Goal of the exercise: Set down word for word each line from the one containing "2. cutting board <box>602,787,1676,1428</box>" through the end of the records, both included. Do not copy any pictures.

Source data:
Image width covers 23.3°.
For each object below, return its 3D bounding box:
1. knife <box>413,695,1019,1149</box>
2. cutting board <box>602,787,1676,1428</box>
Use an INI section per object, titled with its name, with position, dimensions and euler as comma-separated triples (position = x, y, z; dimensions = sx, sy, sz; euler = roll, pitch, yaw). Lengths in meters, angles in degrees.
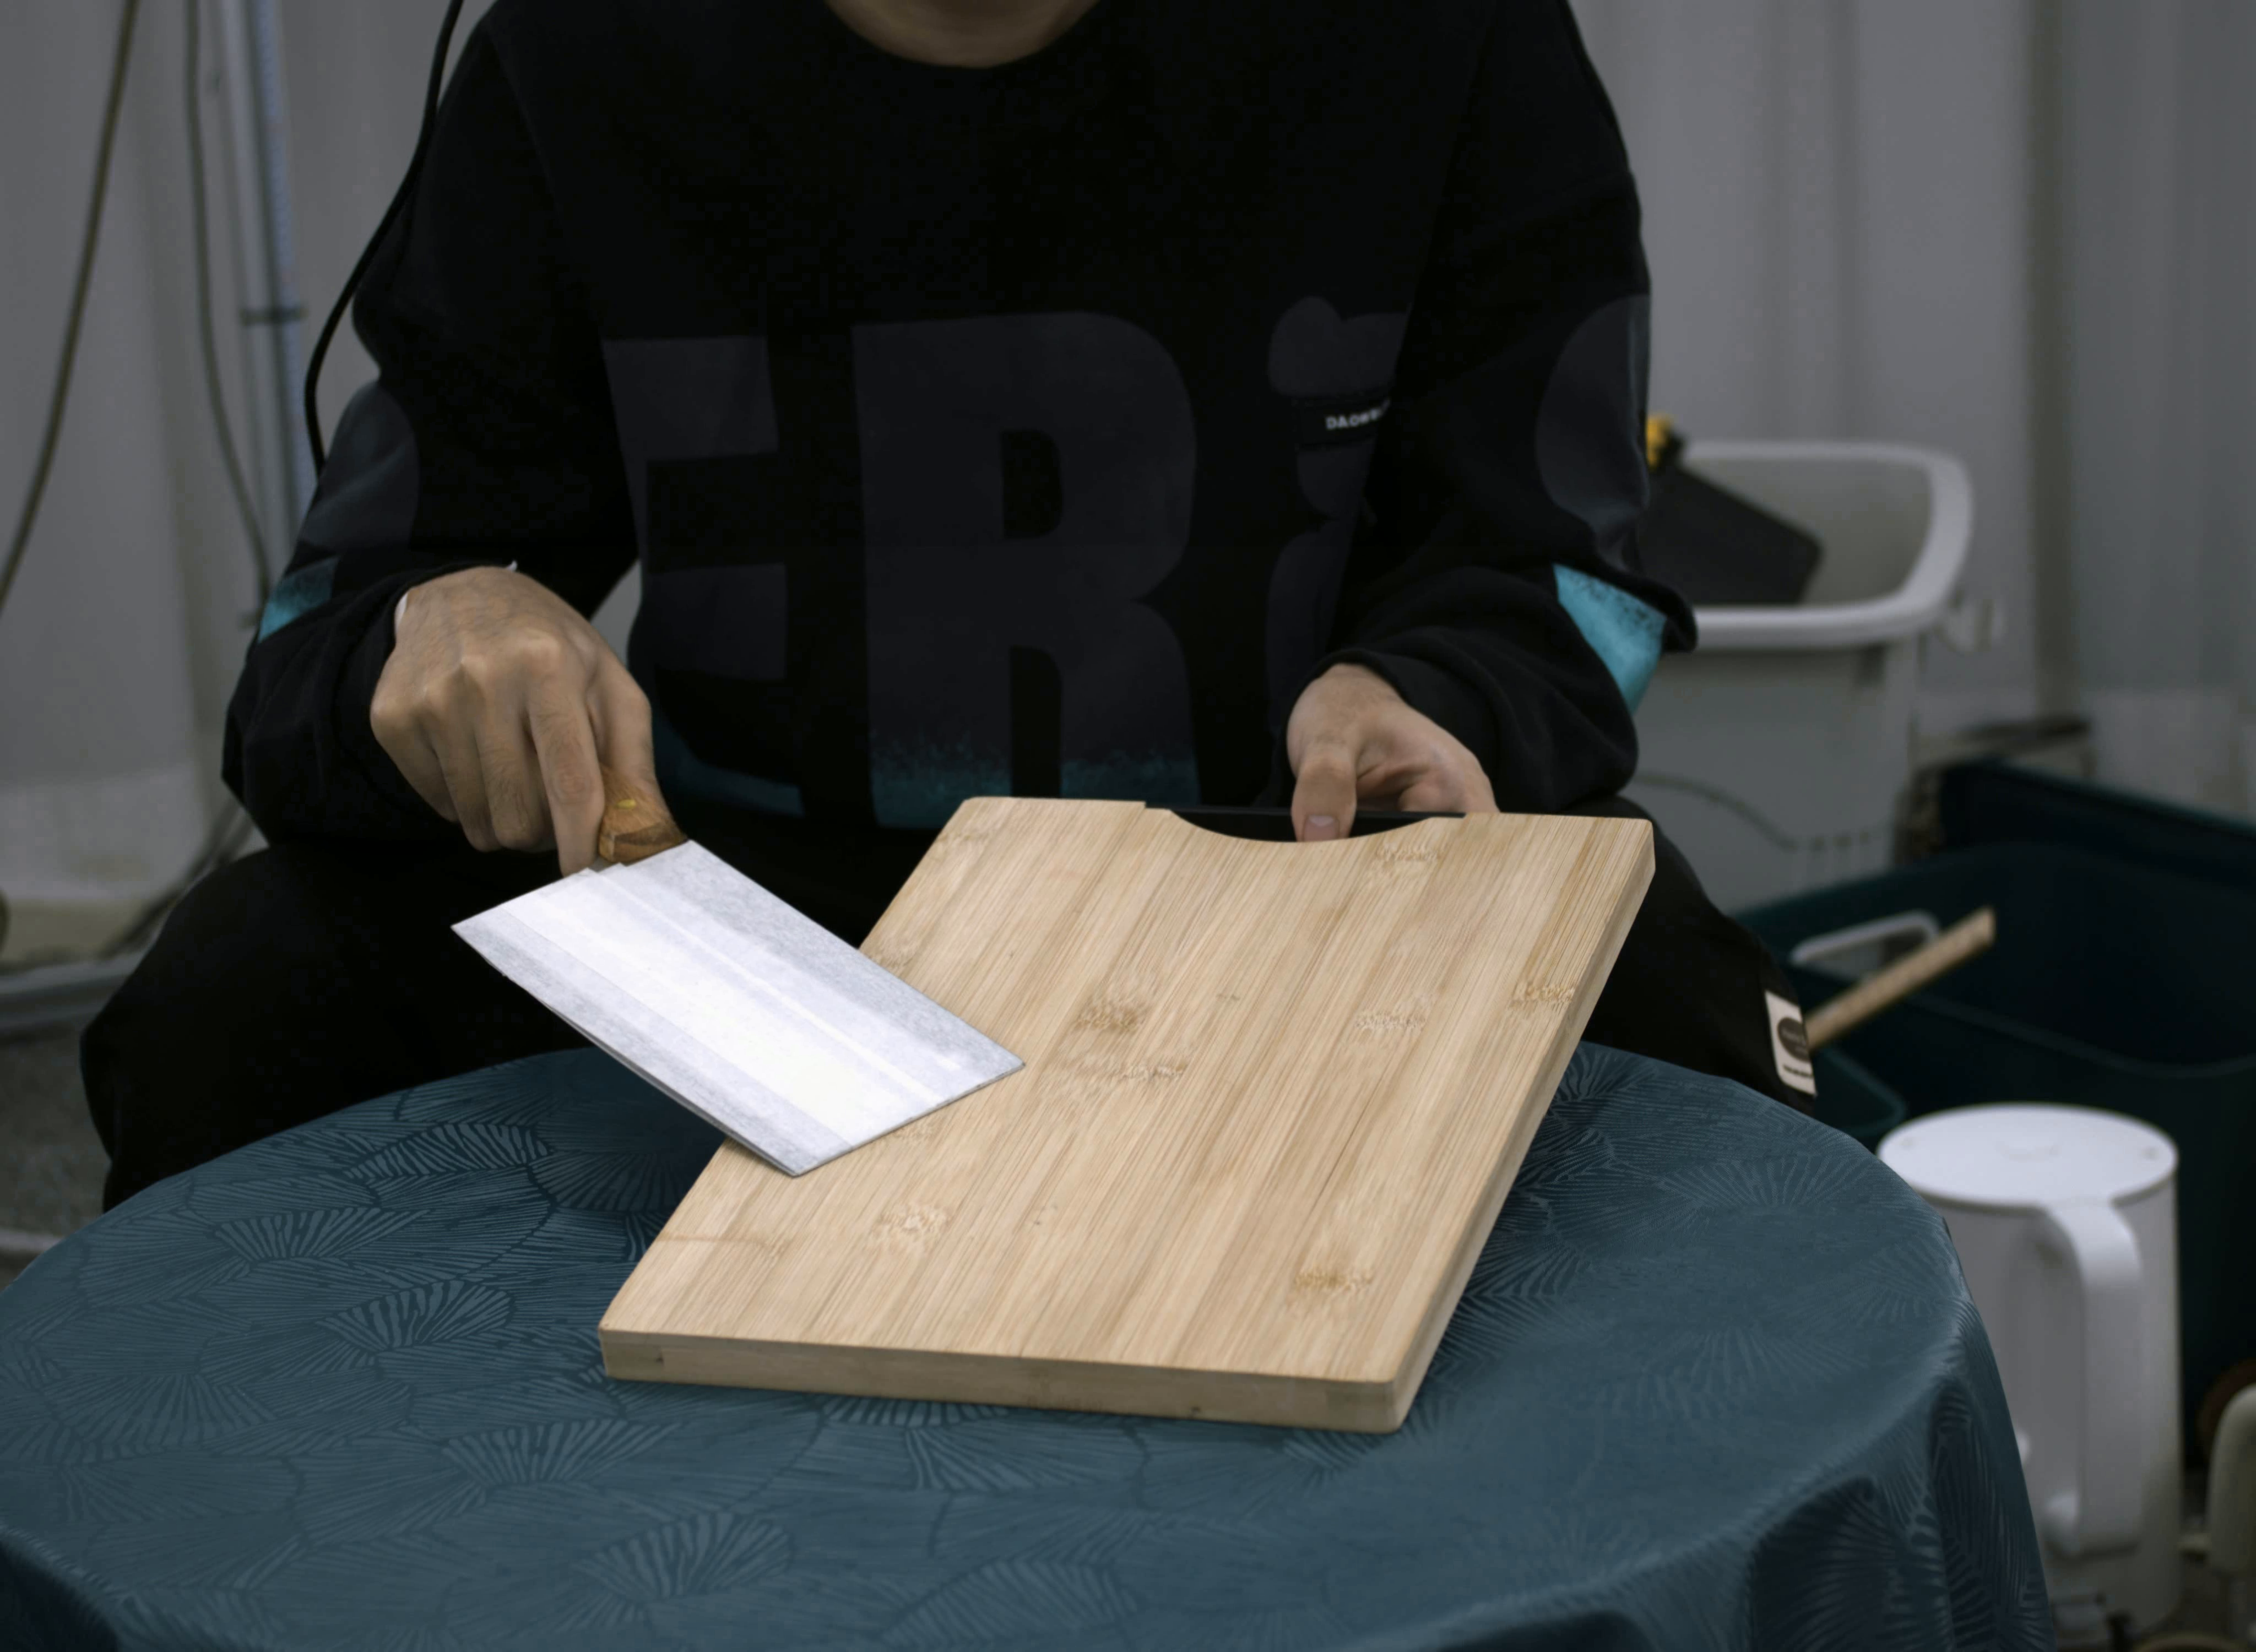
[knife]
position = -0.159, 0.031, 1.765
dimensions = 0.093, 0.021, 0.309
euler = -24, 37, -31
[cutting board]
position = 0.013, 0.077, 1.685
dimensions = 0.250, 0.023, 0.352
euler = 2, 27, 18

Answer to this problem:
2. cutting board <box>602,787,1676,1428</box>
Use an INI section per object, titled with its name, with position, dimensions and euler as comma-separated triples (position = x, y, z; dimensions = sx, sy, sz; euler = roll, pitch, yaw). Lengths in meters, angles in degrees.
[knife]
position = -0.159, 0.031, 1.765
dimensions = 0.093, 0.021, 0.309
euler = -24, 37, -31
[cutting board]
position = 0.013, 0.077, 1.685
dimensions = 0.250, 0.023, 0.352
euler = 2, 27, 18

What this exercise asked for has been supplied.